The Touring slides showed RT being computed in parallel not asynchronously. This is a big difference. When doing computations in parallel, the frame is not complete until ALL elements are rendered. In this case we are seeing the RT elements taking much more time than the rasterized elements, hence RT limits the frame rate regardless of how fast everything else gets done. This why doing RT at lower resolutions increases fps; since it is the bottleneck and takes less time with the resolution reduction.

IF RT was actually being done asynchronously there would be RT elements from previous frames in the current frame, which would create goofy artifacts and irregularities.
 
Basically everything else has to sit around and wait for the ray traced lighting to finish and apply it to the frame before it gets displayed.

Right now, it's a massive bottleneck to the GPU itself when turned on, no different than having too little RAM on your system. There just aren't enough RT cores to keep up with everything else.
I've been skeptical that 10 gigarays is sufficient for RT. This basically confirms my suspicions. However, I've been rather hopeful and optimistic that there are optimizations which will enable "good enough" RT with any of the RTX cards, including the 2070. When using those optimizations or shortcuts, I expect the performance projections I've posted a few times.
 
I've been skeptical that 10 gigarays is sufficient for RT. This basically confirms my suspicions. However, I've been rather hopeful and optimistic that there are optimizations which will enable "good enough" RT with any of the RTX cards, including the 2070. When using those optimizations or shortcuts, I expect the performance projections I've posted a few times.
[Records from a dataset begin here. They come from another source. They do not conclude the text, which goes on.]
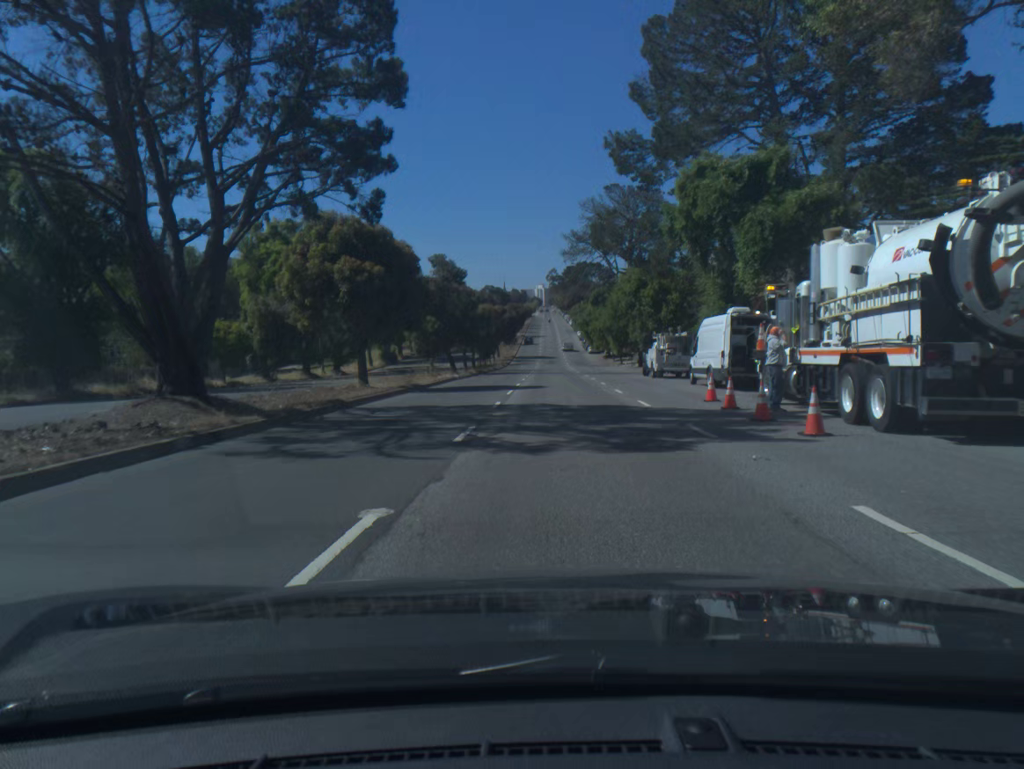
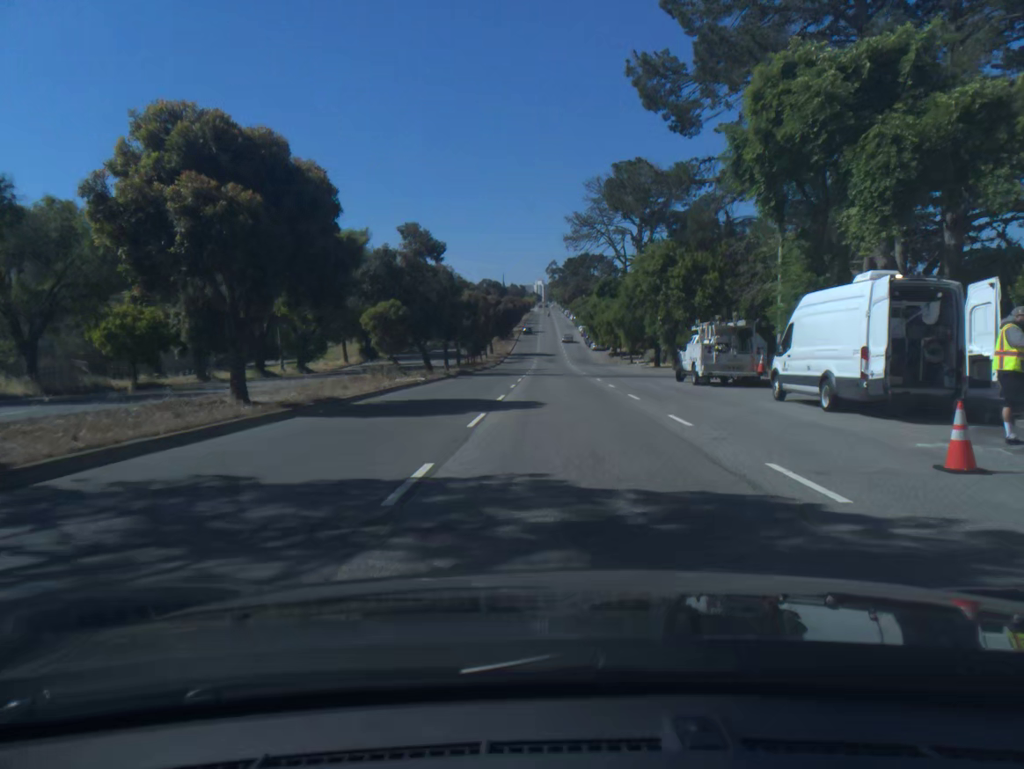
(0.0, +12.2) m; 0°
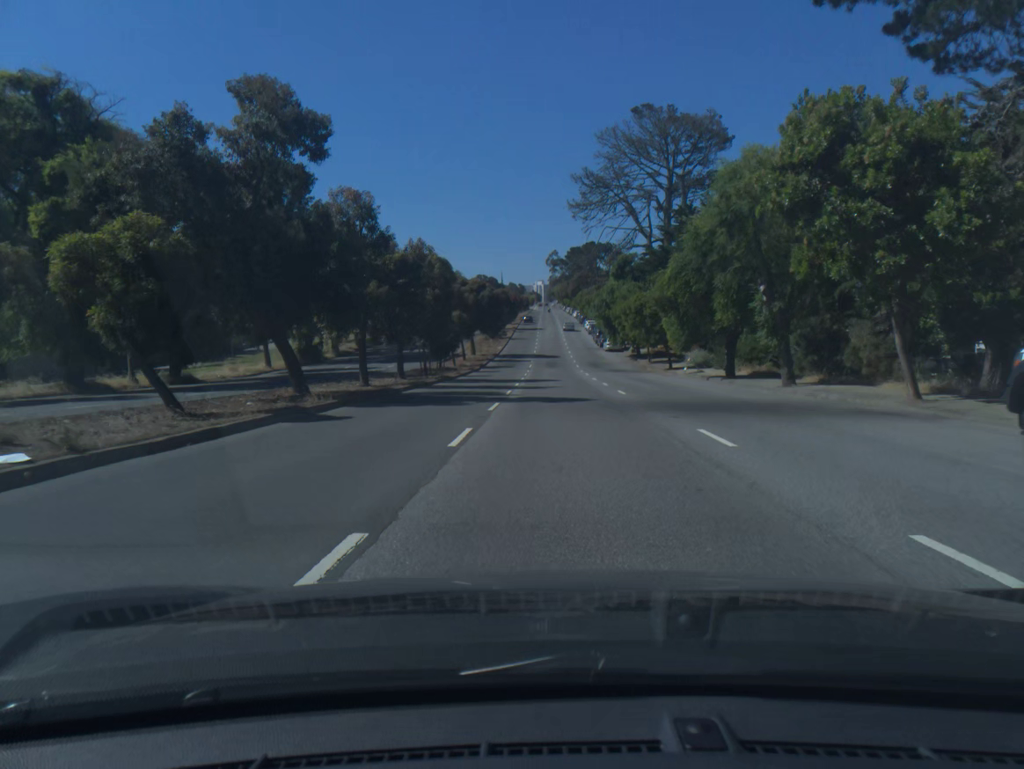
(0.0, +25.0) m; 0°
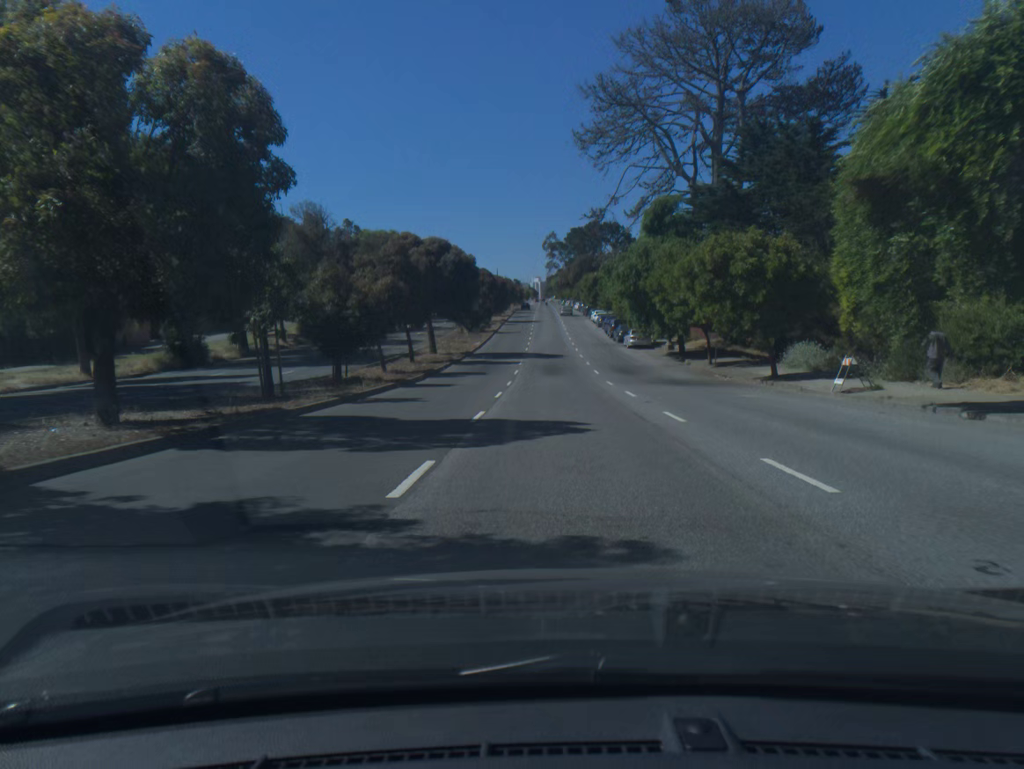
(0.0, +25.5) m; 0°
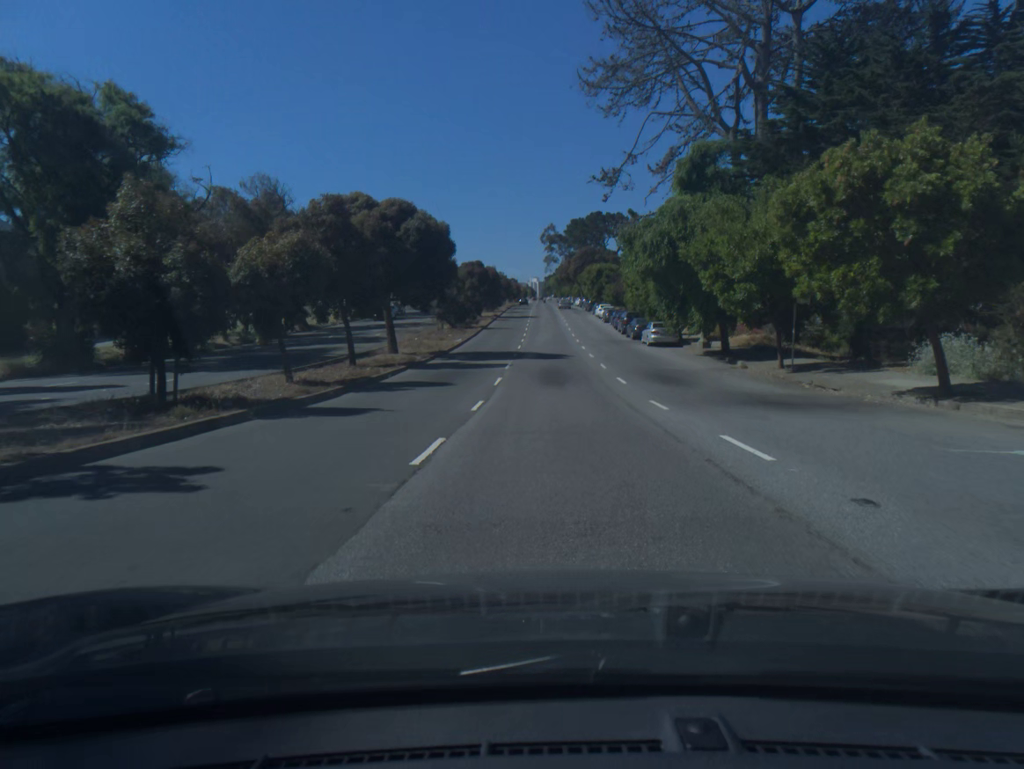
(0.0, +12.9) m; 0°
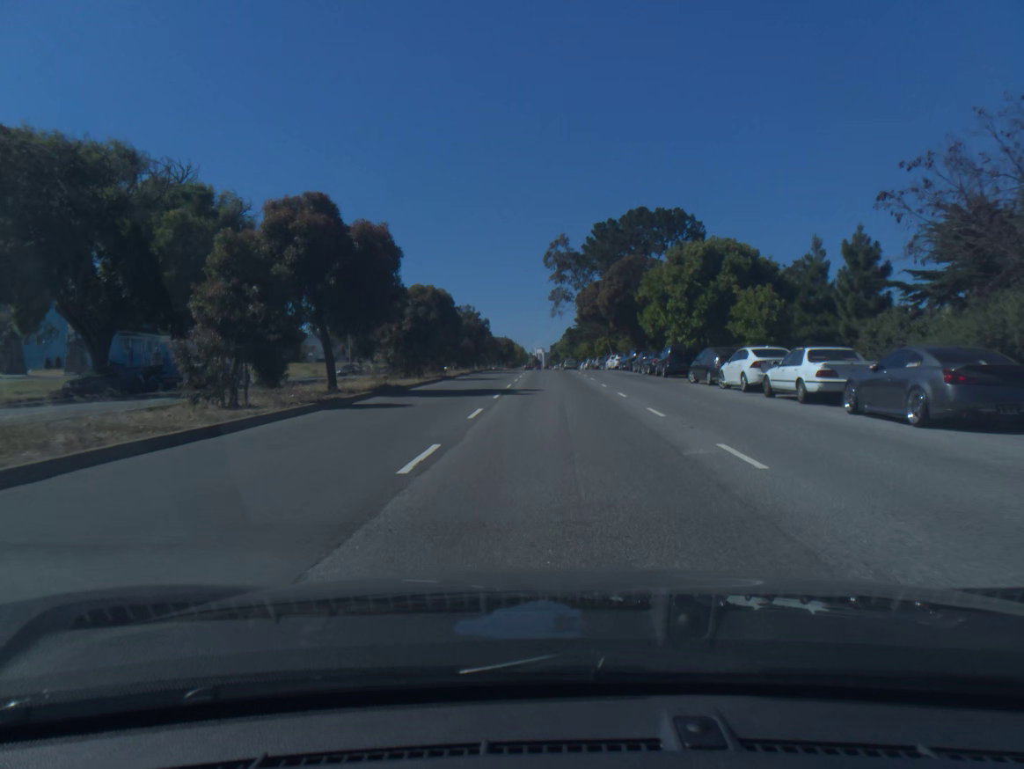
(-0.3, +65.1) m; 0°
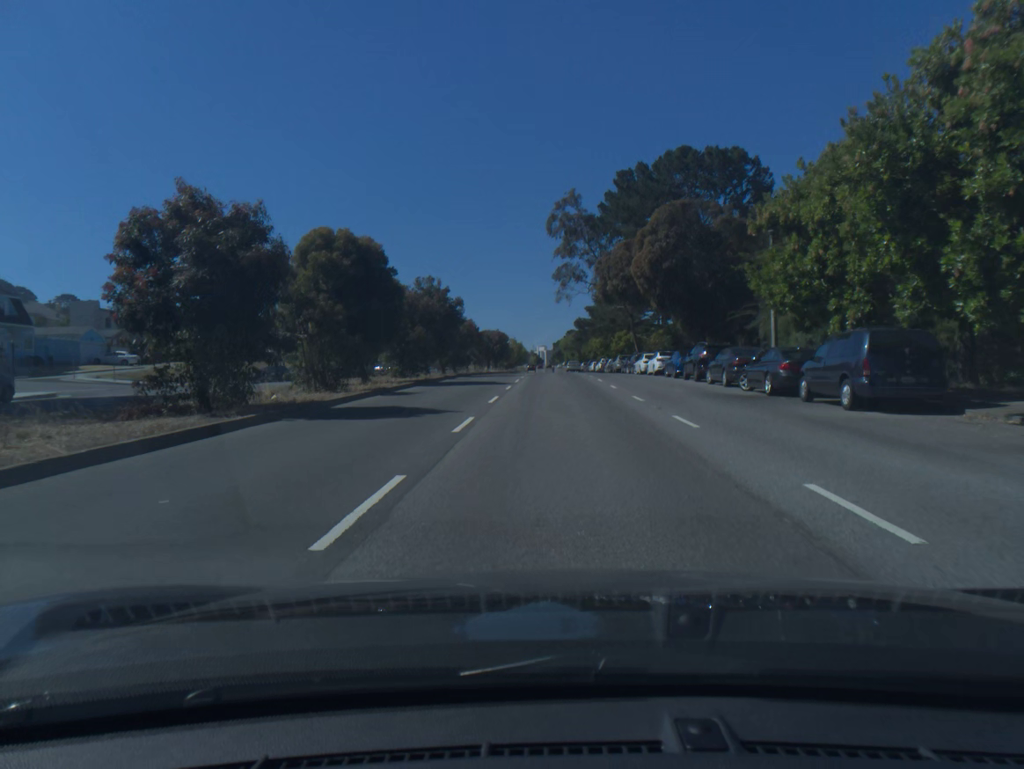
(0.0, +24.7) m; 0°

Honestly, I think DLSS is gonna end up being a much bigger deal with the 2000 series GPUs than Ray tracing, especially if it ends up being something you can apply universally from the drivers. If I'm understanding it correctly with DLSS, the Anti-Aliasing is handled by the RT cores so we get decent AA visuals with zero cost (sans an even bigger hit to performance while using ray tracing which anyone who wants decent resolutions or fps will have disabled anyway).
 
Can I say that's a stupid question without it possibly being a personal attack? Guess I will not quote the question...
 
Has anyone verified cpu usage with RT enabled?

A DICE video said they targeted 12 thread CPUs. So my 2700x should be fine. Kappa. I haven’t seen charts yet.

I think we are getting BFV for christmas along with with a 2080ti if they deliver on the 1440p 60hz+ ray tracing. Especially if they make it possible to choose the resolutions between rasterized and RT so you can get 4k at 60Hz+.